◆ Task goal
Give again the entries below exactly, beginning at the first line and ending at the line with "name -> x, y, z".

[Records from a dataset]
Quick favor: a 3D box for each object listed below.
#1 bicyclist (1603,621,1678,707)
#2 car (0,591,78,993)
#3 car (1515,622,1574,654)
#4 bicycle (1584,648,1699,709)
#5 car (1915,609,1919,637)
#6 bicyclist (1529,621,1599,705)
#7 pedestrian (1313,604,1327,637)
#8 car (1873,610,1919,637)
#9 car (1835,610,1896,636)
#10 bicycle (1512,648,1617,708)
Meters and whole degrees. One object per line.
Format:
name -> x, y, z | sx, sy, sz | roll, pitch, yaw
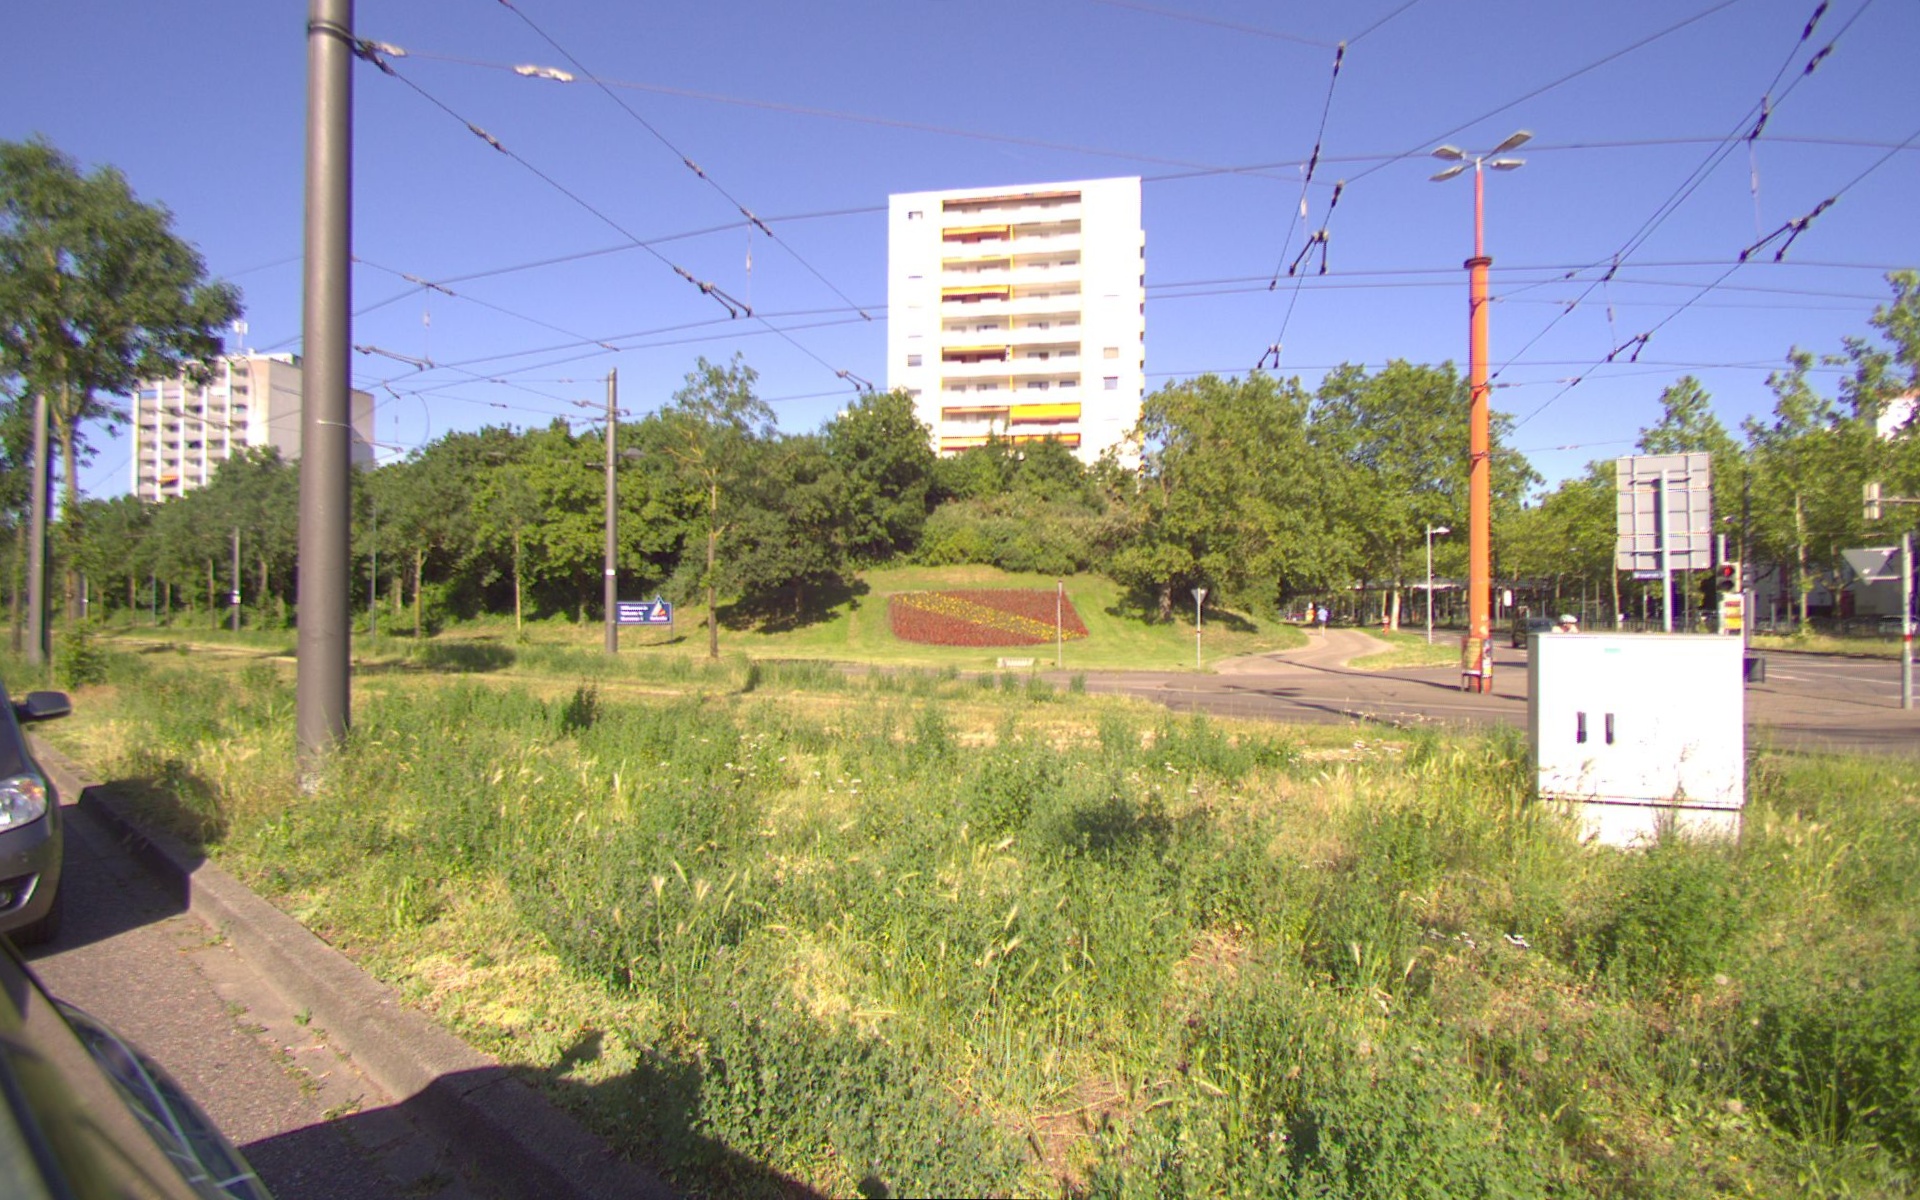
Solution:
bicyclist -> 13.351, 1.239, 19.882 | 0.920, 1.650, 0.741 | 0, -1, -1
car -> -5.942, 0.798, 5.041 | 4.382, 1.619, 1.754 | -1, -2, 41
car -> 30.360, 1.958, 52.687 | 1.928, 1.606, 3.882 | -1, -1, 20
bicycle -> 13.354, 1.519, 19.915 | 0.915, 1.095, 1.888 | 0, -1, -2
car -> 64.401, 1.501, 65.905 | 3.931, 1.829, 2.006 | 0, -2, -27
bicyclist -> 12.093, 1.257, 20.300 | 0.920, 1.650, 0.741 | 0, -1, -1
pedestrian -> 21.506, 1.227, 60.418 | 0.729, 1.949, 0.726 | -1, -2, 24
car -> 65.243, 1.639, 69.868 | 3.931, 1.829, 2.006 | 0, -2, -27
car -> 66.010, 1.695, 73.764 | 3.931, 1.829, 2.006 | 0, -2, -27
bicycle -> 12.089, 1.534, 20.317 | 0.915, 1.095, 1.888 | 0, -1, -2

◆ Answer to this exercise
Quick favor: a 3D box for each object listed below.
#1 bicyclist (1603,621,1678,707)
#2 car (0,591,78,993)
#3 car (1515,622,1574,654)
#4 bicycle (1584,648,1699,709)
#5 car (1915,609,1919,637)
#6 bicyclist (1529,621,1599,705)
#7 pedestrian (1313,604,1327,637)
#8 car (1873,610,1919,637)
#9 car (1835,610,1896,636)
#10 bicycle (1512,648,1617,708)
Meters and whole degrees. One object per line.
Format:
name -> x, y, z | sx, sy, sz | roll, pitch, yaw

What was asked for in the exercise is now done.